My friend and I ate during a midweek service. We were offered a selection of tables in a quarter full dining room. European football was streaming on the back wall, the lights and styling were a job well done and the staff were attentive and efficient – though the guy with the beard kinda scowled when we didn't later leave a tip.

As Matt suggested, however, the food lacked the requisite Yowzer. Sure it was XXXXL – but all of those Xs didn't give it the X Factor.

I started with a dish that sounded great but was a little bland, inelegantly served and had as much personality as B&Q's 800 Grade Rolls of Wallpaper Lining. Without the paste. Great Balls of Fire invoked the spirit of rock'n'roll's first great wildman, Jerry Lee Lewis, but was more Sunday School outing than Whole Lotta Shakin' Goin' On.

Not explosive - the Jal Bombs were a let down

The balls were of the dough variety, the fire referred to a dip and the great presumably referred to the chicken, which, sadly, was anything but. The dish was, in fact, small balls of dough – rather like Pizza Express's dull, dull dough balls – which had been stuffed with chicken that was dry. They were right about the fire, however: the sauce was smokin'. However, it looked unloved and was. Dry and tasting only of dry bread and super-hot sauce; like all the worst school reports it was an exercise in disappointment. My friend's Jal Bombs comprised jalapeño peppers, cheese, a crunchy exterior and a small pot of salsa. They were better than the ignominious Balls of Fire, but nothing to write home about.

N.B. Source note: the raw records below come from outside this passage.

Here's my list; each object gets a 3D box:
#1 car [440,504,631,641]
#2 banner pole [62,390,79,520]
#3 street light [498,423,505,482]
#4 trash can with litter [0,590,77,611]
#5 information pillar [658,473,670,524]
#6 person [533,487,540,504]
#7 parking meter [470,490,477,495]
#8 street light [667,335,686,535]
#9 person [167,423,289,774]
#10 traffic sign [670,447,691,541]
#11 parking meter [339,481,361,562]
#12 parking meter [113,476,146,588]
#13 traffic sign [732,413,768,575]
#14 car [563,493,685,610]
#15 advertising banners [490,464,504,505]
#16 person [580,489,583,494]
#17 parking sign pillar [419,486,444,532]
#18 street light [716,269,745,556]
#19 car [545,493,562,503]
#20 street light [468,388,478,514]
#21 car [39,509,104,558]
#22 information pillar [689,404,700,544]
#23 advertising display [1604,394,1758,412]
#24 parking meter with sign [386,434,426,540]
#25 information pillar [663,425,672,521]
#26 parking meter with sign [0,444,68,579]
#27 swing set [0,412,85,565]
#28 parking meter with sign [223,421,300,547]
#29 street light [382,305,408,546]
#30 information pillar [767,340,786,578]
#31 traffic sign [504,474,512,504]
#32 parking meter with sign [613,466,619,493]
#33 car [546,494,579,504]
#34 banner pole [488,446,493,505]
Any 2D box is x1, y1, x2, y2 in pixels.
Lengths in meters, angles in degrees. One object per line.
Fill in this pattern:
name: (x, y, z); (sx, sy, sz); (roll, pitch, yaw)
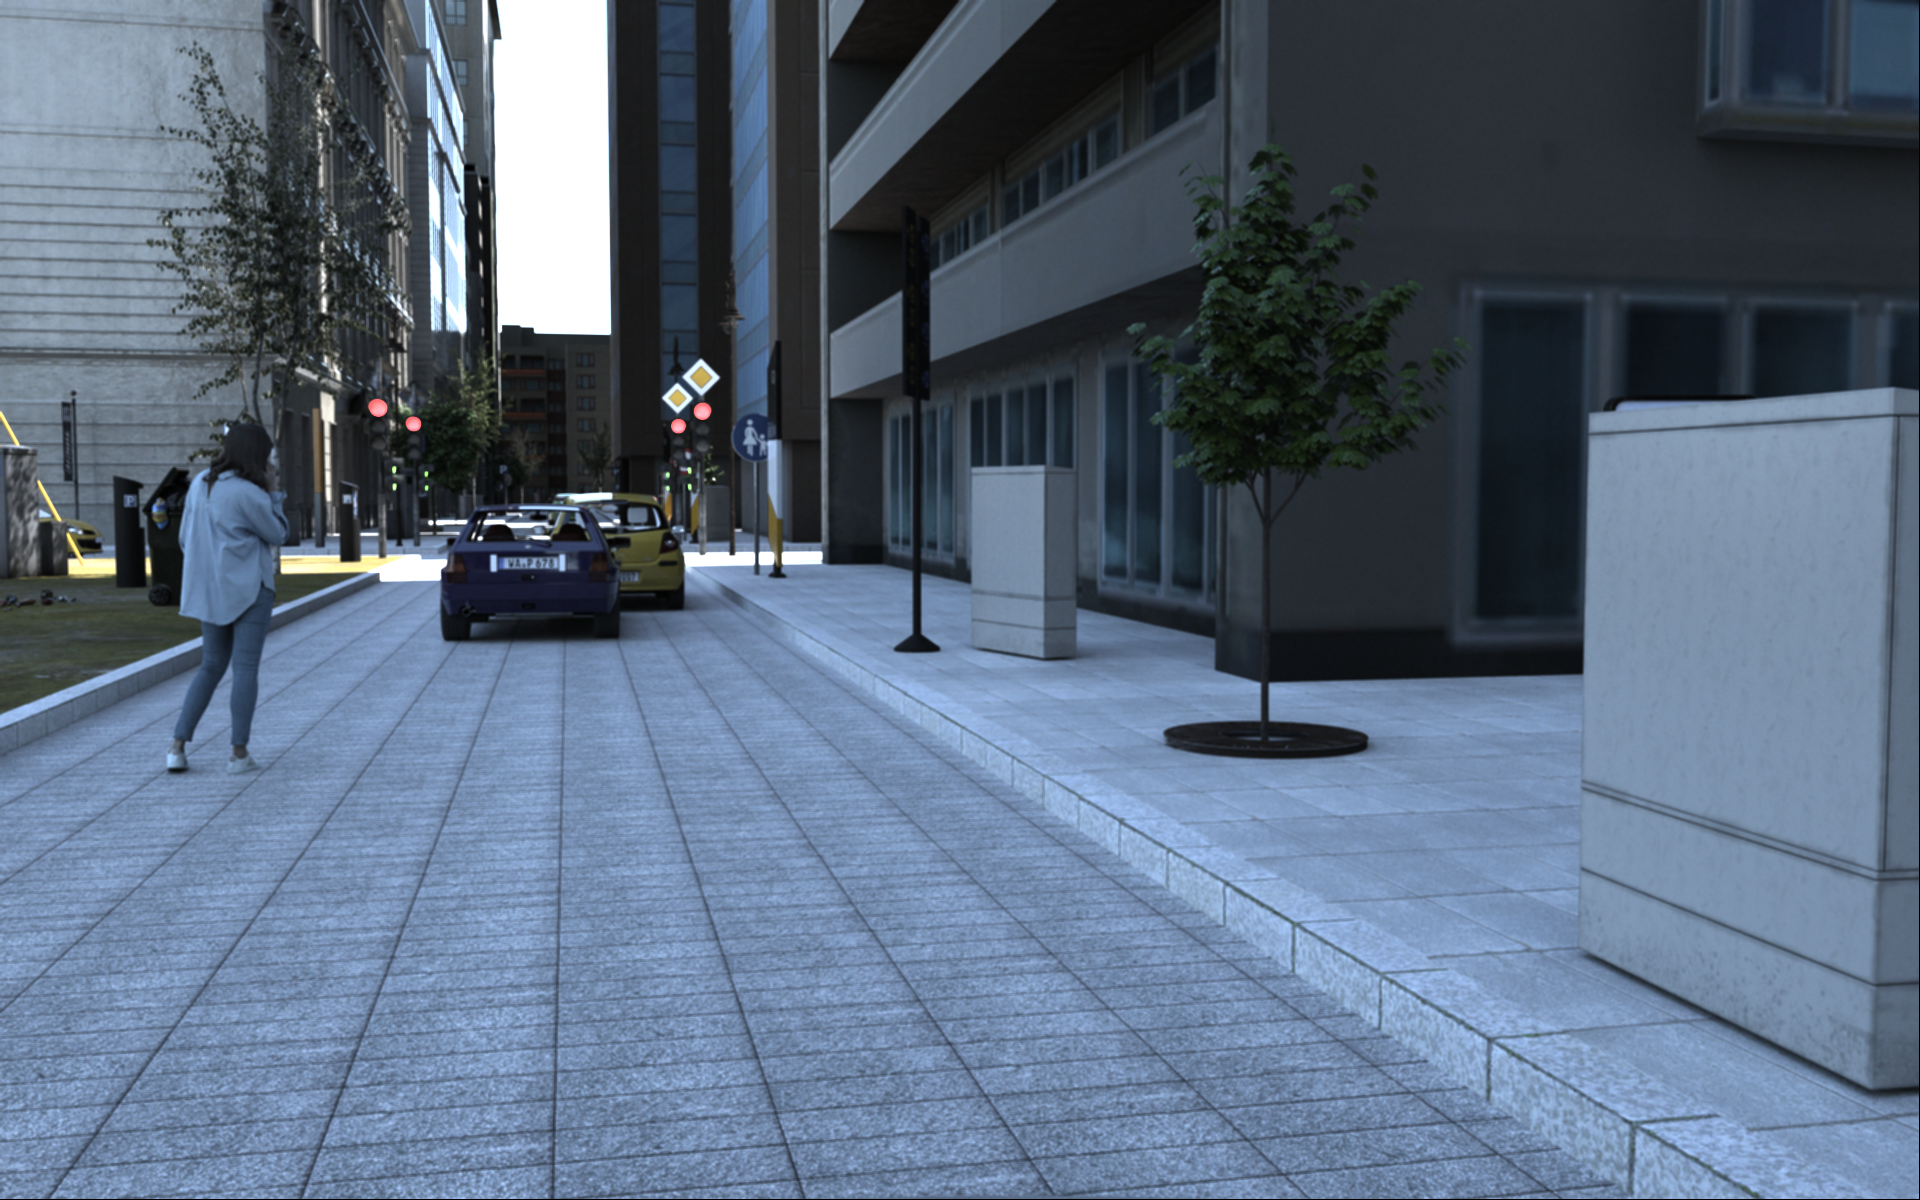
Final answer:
car: (-4.486, -0.356, 18.403); (1.945, 1.354, 3.894); (-1, 4, -11)
banner pole: (-21.383, -3.159, 41.674); (0.401, 3.779, 0.863); (0, 4, -3)
street light: (-28.680, -8.296, 108.421); (0.468, 5.910, 1.993); (-1, 4, -13)
trash can with litter: (-10.972, -0.541, 19.897); (1.678, 1.210, 2.233); (1, 4, 17)
information pillar: (-10.382, -3.445, 60.818); (0.304, 2.012, 0.304); (-2, 4, -32)
person: (-23.748, -5.428, 97.258); (0.388, 1.821, 0.555); (0, 4, -8)
parking meter: (-27.197, -5.414, 96.936); (0.372, 1.533, 0.369); (0, 3, 0)
street light: (-8.255, -4.751, 50.468); (0.468, 5.910, 1.993); (-1, 4, -13)
person: (-3.783, -0.008, 8.903); (0.793, 1.790, 0.793); (-1, 4, -10)
traffic sign: (-7.499, -2.878, 47.162); (0.768, 2.556, 0.104); (0, 4, -7)
parking meter: (-11.552, -1.491, 32.788); (0.372, 1.533, 0.369); (0, 3, 0)
parking meter: (-11.431, -0.944, 23.848); (0.372, 1.533, 0.369); (0, 3, 0)
traffic sign: (-3.223, -1.671, 27.425); (0.768, 2.556, 0.104); (0, 4, -7)
car: (-4.577, -0.763, 22.699); (2.015, 1.641, 3.980); (-1, 4, -13)
advertising banners: (-26.814, -6.361, 100.183); (0.090, 3.025, 2.074); (0, 4, 6)
person: (-29.770, -7.813, 136.174); (0.705, 1.831, 1.348); (-1, 4, -21)
parking sign pillar: (-18.308, -4.299, 58.769); (1.447, 3.967, 1.447); (-1, 4, -21)
street light: (-4.715, -3.848, 35.704); (0.468, 5.910, 1.993); (-1, 4, -13)
car: (-34.233, -8.472, 147.555); (2.155, 1.783, 4.494); (-1, 4, -14)
street light: (-21.280, -6.286, 75.558); (0.468, 5.910, 1.993); (-1, 4, -13)
car: (-20.295, -1.610, 36.549); (3.980, 1.641, 2.015); (-1, 4, -11)
information pillar: (-6.834, -3.270, 44.815); (0.183, 3.616, 0.504); (-2, 4, -35)
advertising display: (4.706, -0.374, 11.335); (0.974, 1.923, 0.123); (0, 4, 3)
parking meter with sign: (-15.901, -3.254, 49.468); (0.543, 3.016, 1.738); (1, 4, 11)
information pillar: (-9.877, -4.106, 58.492); (0.183, 3.616, 0.504); (-2, 4, -32)
parking meter with sign: (-14.485, -1.849, 26.499); (0.543, 3.016, 1.738); (1, 4, 15)
swing set: (-17.837, -2.073, 31.517); (2.862, 2.851, 3.119); (-3, 4, -37)
parking meter with sign: (-16.851, -2.791, 41.891); (0.543, 3.016, 1.738); (2, 4, 32)
street light: (-13.799, -4.261, 42.452); (0.468, 5.910, 1.993); (-1, 4, -13)
information pillar: (-2.841, -2.156, 26.606); (0.183, 3.616, 0.504); (-1, 4, -23)
traffic sign: (-29.075, -6.782, 110.993); (0.768, 2.556, 0.104); (-1, 4, -11)
parking meter with sign: (-21.302, -6.816, 107.709); (0.543, 3.016, 1.738); (-1, 4, -12)
car: (-18.018, -4.167, 79.925); (2.131, 1.459, 4.920); (-1, 4, -11)
banner pole: (-24.710, -6.188, 91.187); (0.401, 3.779, 0.863); (-2, 4, -30)

We both opted for burgers, of course: when in Rome – or, rather, when in Shrewsbury – and all that. My friend opted for the Balboa, which was topped with mozzarella, pesto mayo and rocket. The bun was good and the patty fine but he found it too greasy.

Mine was decent: the chorizo and brisket burger was tender, well seasoned, a little spicy and the bun was sublime – probably the high point of an otherwise uninspiring evening. The fries weren't good. Slightly undercooked, so that they were still a little hard in the centre, they were no better than the mass-produced fare at any branch of McGenericBurgerKing.

The fat lady sang – she'd probably eaten the Balboa – the guy with the beard gruffed that we didn't leave a tip and we stepped out into the night.

Biggies has the potential to do very well. It's well located with parking, the concept is good with wittily-named dishes, the burgers and buns were all fine and service (apart from TipGate-SneerGate) was good. It just needs to keep its pricing at a sensible level, give its food a little more soul – yes, that means cook the fries properly too – and serve the starters with TLC. And, providing it does so, it'll avoid the fate of The Notorious B.I.G.